Une vaccination universelle illustre une stratégie sanitaire non proportionnée, qui ignore les risques de chacun, les données épidémiologiques dans leur ensemble, les particularités des territoires et des lieux de vie. C’est pourquoi des mesures universelles (comme certains gestes barrières) et des actions proportionnées au risque (vaccination prioritaire des personnes vulnérables et des professionnels exerçant à leur contact, adaptation de poste en cas de facteurs de risque, aide à domicile pour celles et ceux qui souhaiteraient limiter leurs sorties, renforcement des gestes barrières au contact d’une personne fragile) doivent être réfléchies et proposées – plutôt qu’imposées – à la population.
Convaincre plutôt que contraindre
En effet, une prévention efficace passe d’abord par l’adhésion des populations et des professionnels aux politiques de santé publique et aux recommandations sanitaires.
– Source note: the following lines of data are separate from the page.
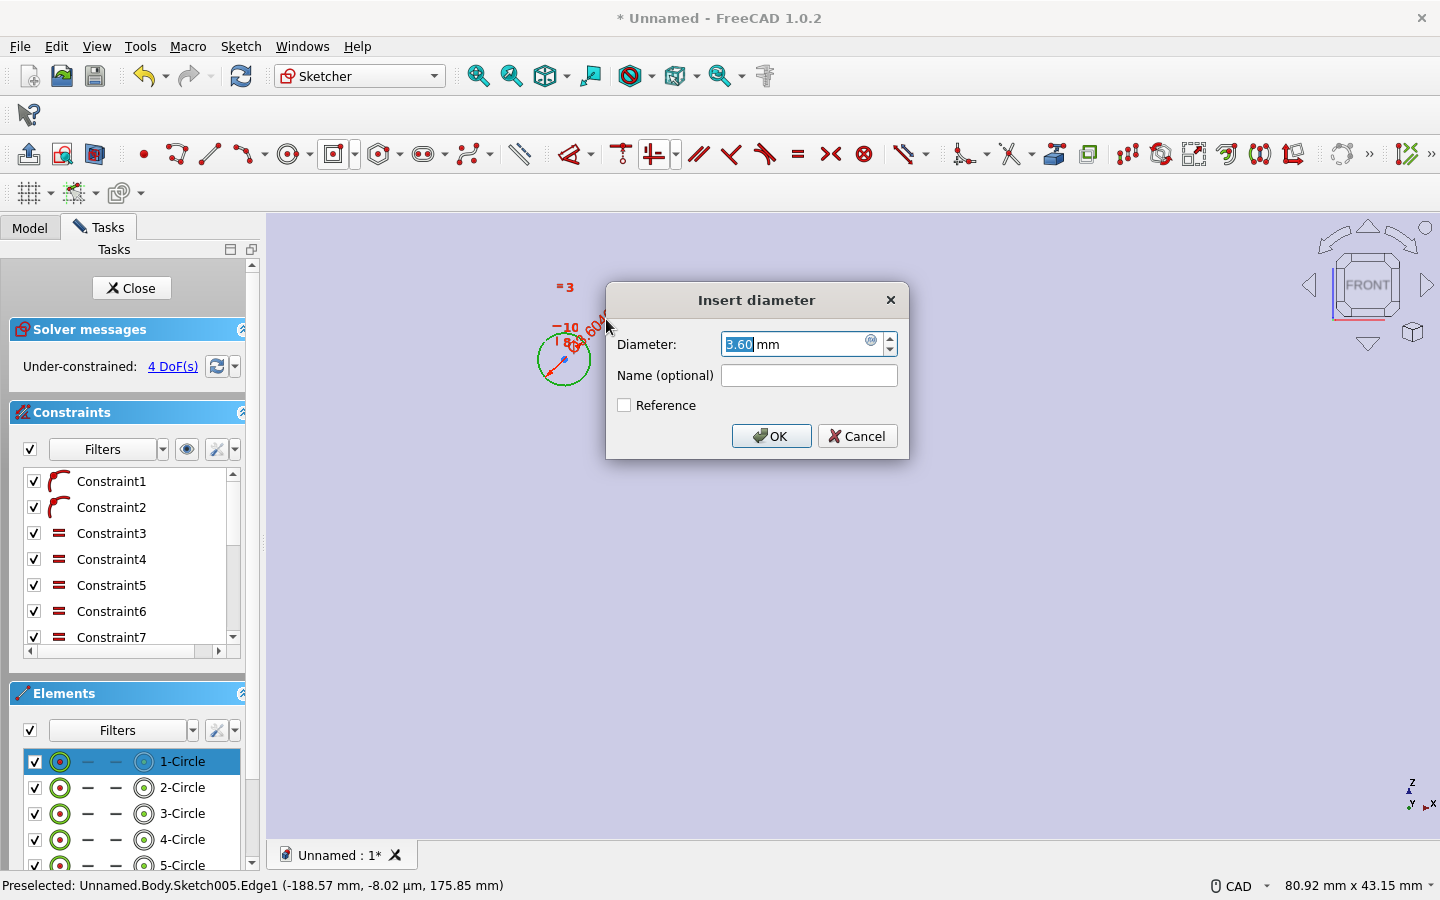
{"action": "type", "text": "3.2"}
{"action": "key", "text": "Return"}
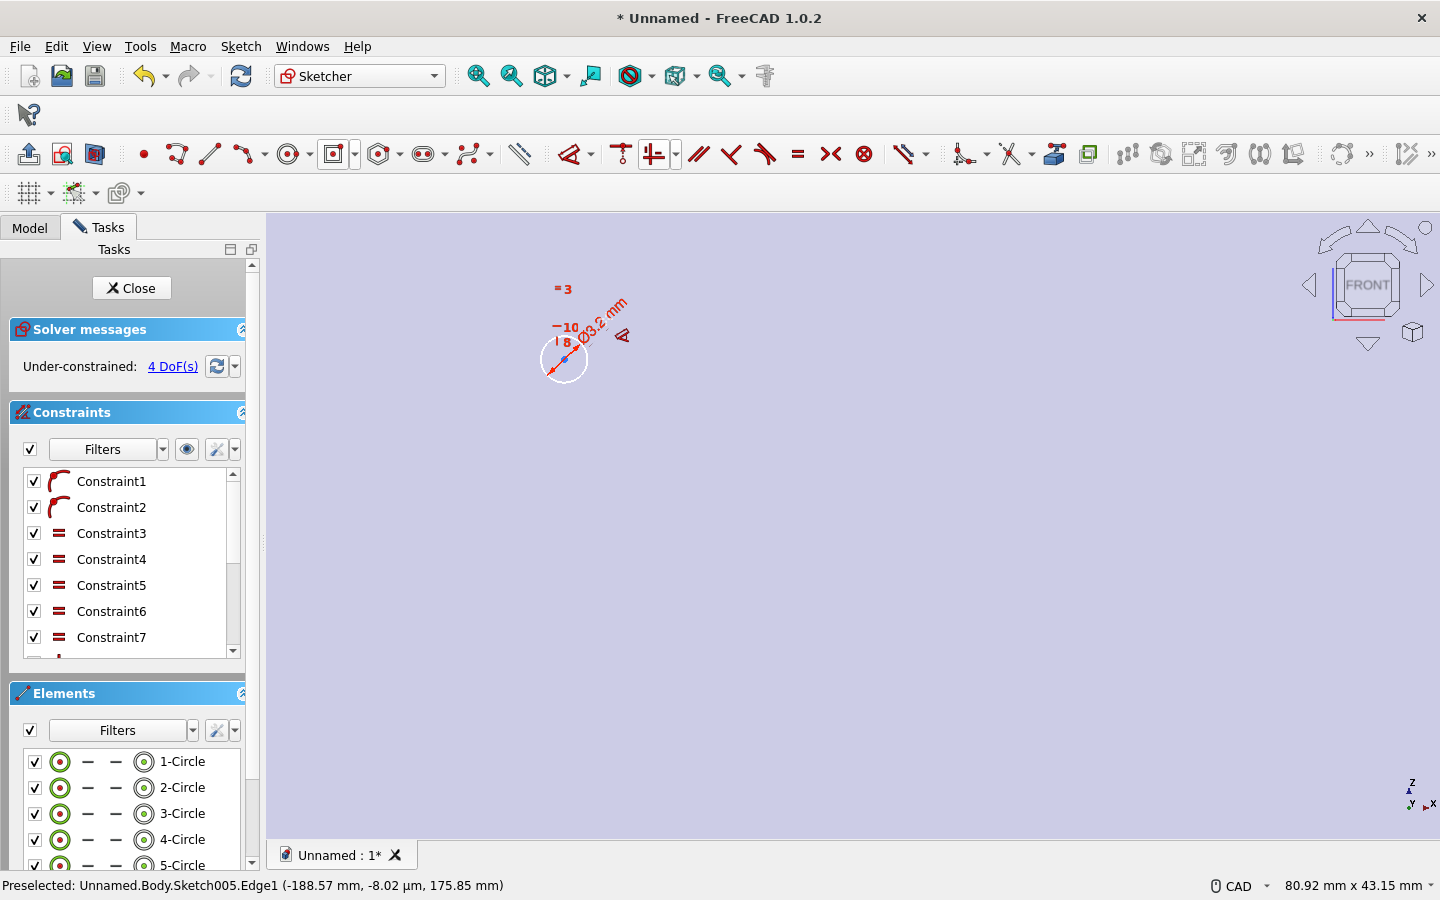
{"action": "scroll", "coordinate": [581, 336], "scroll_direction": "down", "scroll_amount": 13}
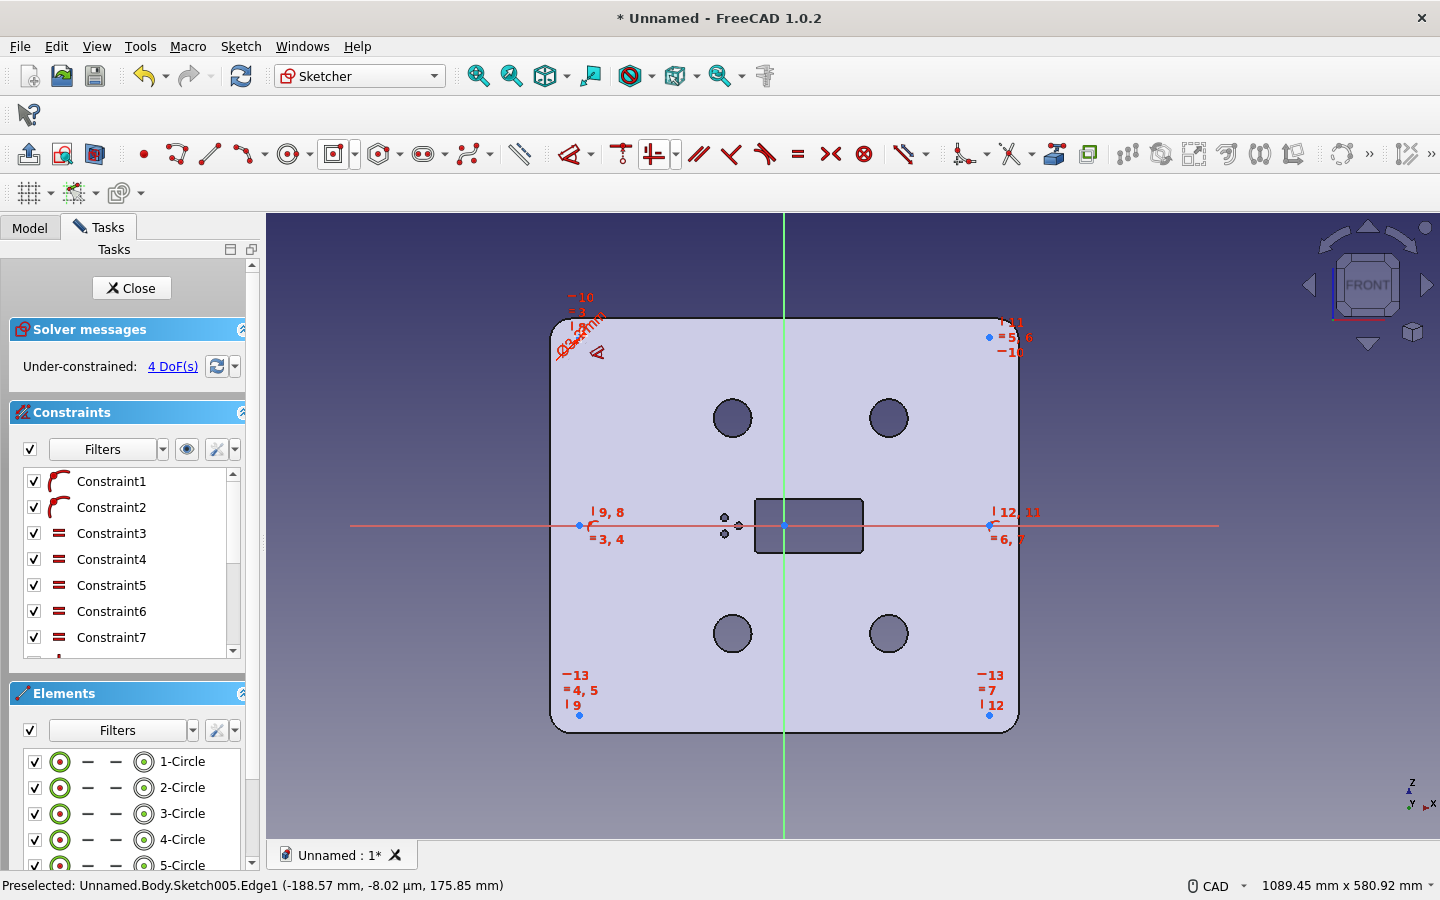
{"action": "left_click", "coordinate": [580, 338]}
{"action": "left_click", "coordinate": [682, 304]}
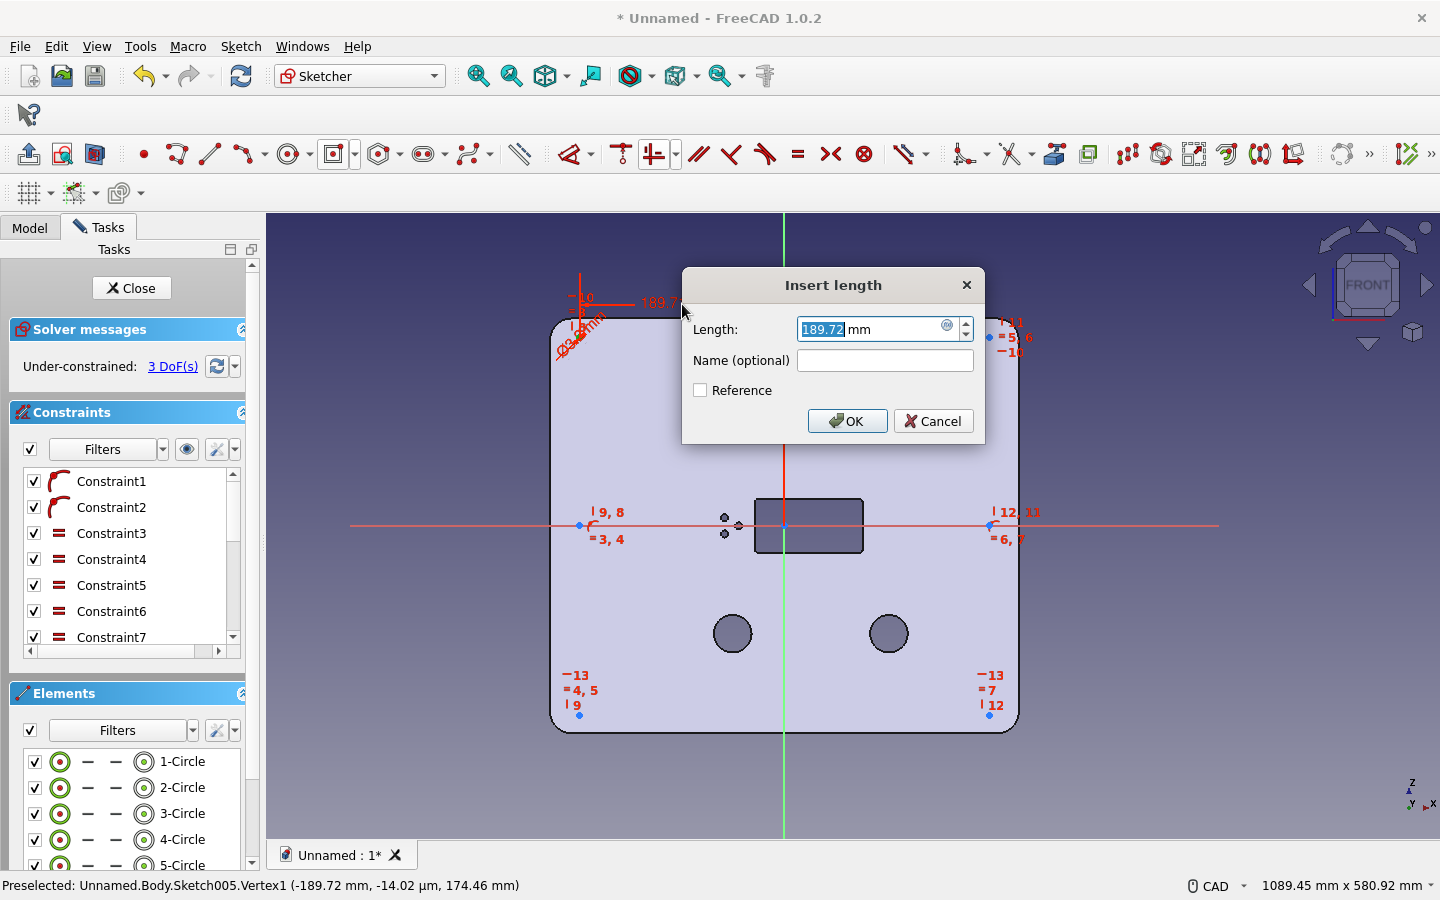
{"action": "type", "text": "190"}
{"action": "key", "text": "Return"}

Cette adhésion implique d’informer et de sensibiliser les Français, non de les contraindre. Un consentement durable au vaccin et aux dispositifs de prévention est d’autant plus important que la cohabitation avec le Sars-Cov-2 ou d’autres agents pathogènes s’inscrira vraisemblablement dans la durée.
Par ailleurs, le consentement aux soins des individus constitue l’un des piliers de la médecine moderne et s’illustre dans le cadre de l’article 36 du code de déontologie médicale, lequel précise que le médecin doit respecter le refus d’investigation ou de traitements, après avoir informé le malade de ses conséquences. Imposer une vaccination obligatoire, c’est donc courir le risque d’abîmer le contrat de confiance entre le médecin et le patient.
Abîmer ce contrat de confiance médecin-patient, c’est aussi abîmer notre contrat social, institutionnel et démocratique. En effet, l’OMS considère que les décideurs ont le devoir d'examiner attentivement l'effet que l'obligation vaccinale pourrait avoir sur la confiance du public, et en particulier sur le crédit accordé à la communauté scientifique et à la vaccination en général. L’OMS alerte sur le fait qu’une telle politique pourrait altérer la confiance d’une partie de la population, tant vis-à-vis de la vaccination que de l'adhésion à d'autres mesures de santé publique importantes.
Par ailleurs, les considérations éthiques, la nécessité d’un recul suffisant concernant l’innocuité des vaccins, ou encore les questions d’équilibre entre impératif de santé publique et préservation des libertés individuelles et collectives constituent autant de caveats soulevés par l’OMS avant d’envisager une obligation vaccinale universelle.